Thanks to Rosie O’Neill, entrepreneurship is getting a whole lot sweeter. After working for seven years as the director of marketing for Barbie, the self-professed candy addict co-founded Sugarfina in 2012, alongside her now-husband Josh.

“Josh took me to see Willy Wonka & the Chocolate Factory on our third date,” O’Neill remembers. “We both loved that movie as little kids, but we said to each other, where did the magic go around candy?”

It was that very conversation that sparked the idea to create a luxury candy boutique for grown-ups, and the rest, as they say, is history.

Recently landing a spot on Fast Company’s 2018 list of “The World’s 50 Most Innovative Companies,” Sugarfina has grown into a booming, multimillion-dollar business. It probably comes as no surprise, then, that O’Neill’s entrepreneurial spirit and gift for creativity started early on.

“I was always that kid who was being super creative without really realizing it. I’d be off making friendship bracelet s or doing all these arts and crafts,” O’Neill says. “I definitely skewed more towards the creative side, but I also really loved the business side. I was always turning these things into little businesses, but for whatever reason, I didn’t connect the dots that it could actually be a career path.”

And what a delightful career path it turned out to be. Sugarfina’s Instagram-worthy products, unique store designs, and innovative marketing techniques have not only made the company a household name, it’s also the fastest growing confections brand in the country.

In this episode of Project Luminary with Kristen Aldridge, find out how O’Neill is disrupting the $200B confections industry, one sweet treat at a time.

You’ve been named to Fast Company’s “100 Most Creative People” list and your luxury candy brand Sugarfina is booming. When did this entrepreneurial spirit and gift for creativity start to show up?

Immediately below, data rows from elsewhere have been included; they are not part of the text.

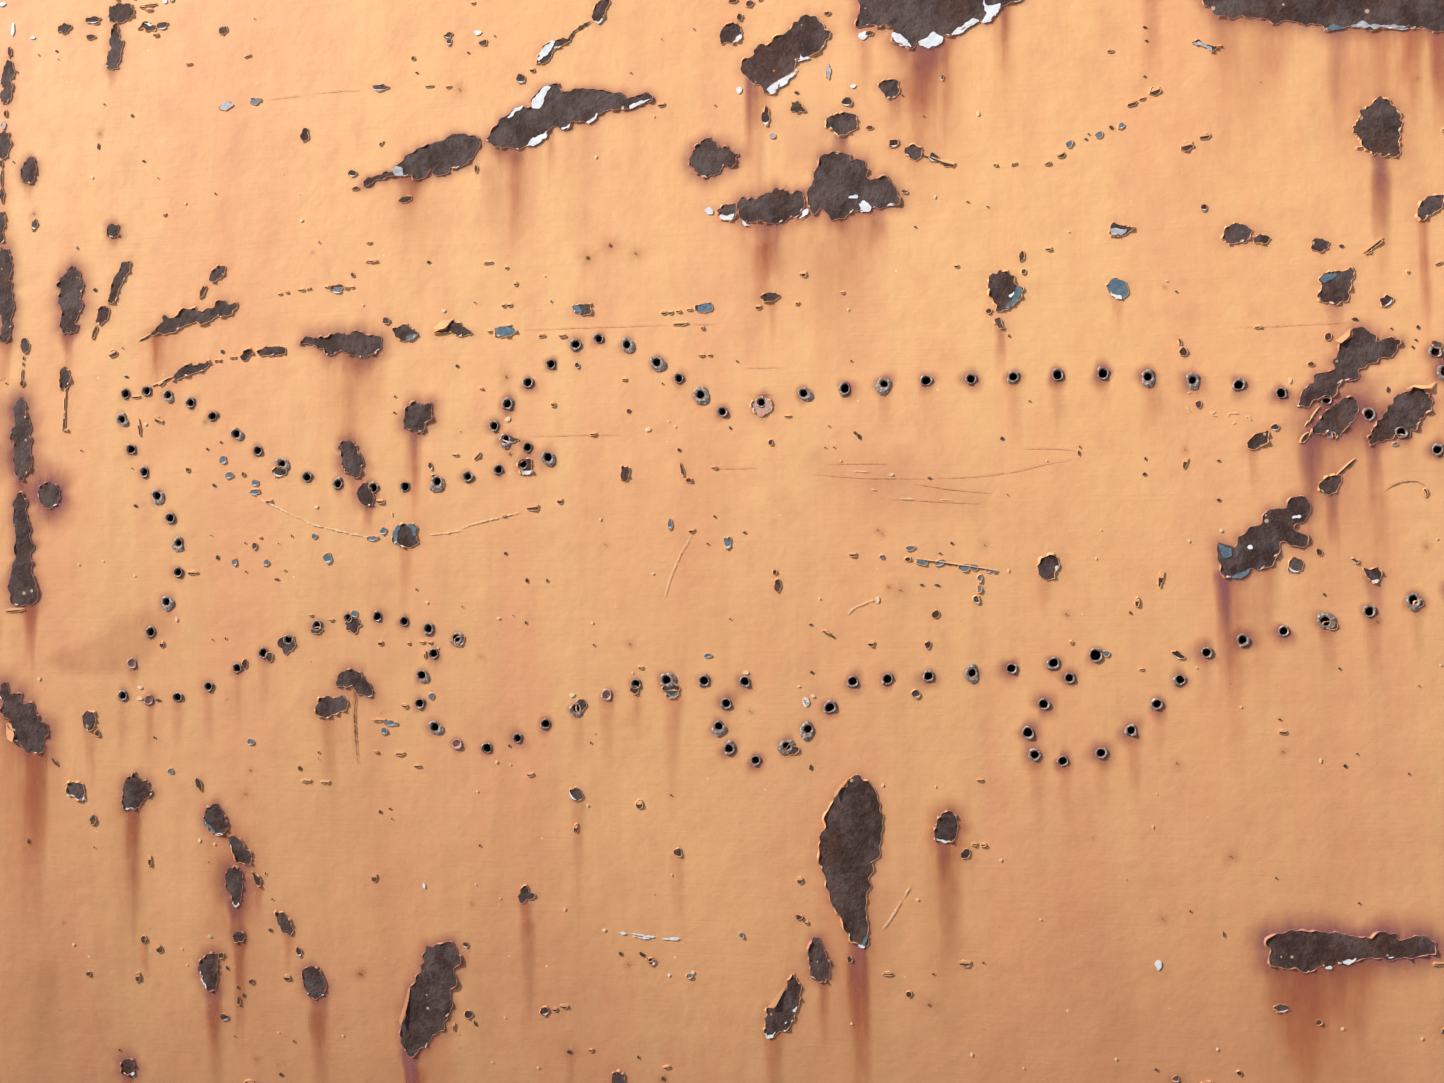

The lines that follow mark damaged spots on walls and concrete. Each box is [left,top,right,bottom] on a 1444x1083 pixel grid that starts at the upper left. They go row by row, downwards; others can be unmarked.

peeling [853,0,1023,51]
peeling [1192,39,1222,54]
peeling [1201,0,1444,34]
peeling [348,36,665,203]
peeling [0,0,174,612]
peeling [1297,317,1442,447]
peeling [1216,473,1342,580]
peeling [0,682,59,766]
peeling [398,940,477,1058]
peeling [763,774,884,1039]
peeling [1264,929,1444,974]

Rosie O’Neill: I think it’s something that as a little kid, I was always that kid who was being super creative without really realizing it. I’d be off making friendship bracelets or doing all these kinds of arts and crafts. I definitely skewed towards the creative side, but I also really loved the business side. So when I started babysitting, I started a babysitting business, and I was kind of always turning these things into little businesses. But for whatever reason, I didn’t connect the dots that it could actually be a career path, and it wasn’t until I met my now husband Josh, that I realized, “Oh my gosh I can totally do this, and this can be an actual career.”

Your company kind of started in this whimsical way. Take us back to the very beginning. How did you come up with the idea to launch a candy boutique for grownups?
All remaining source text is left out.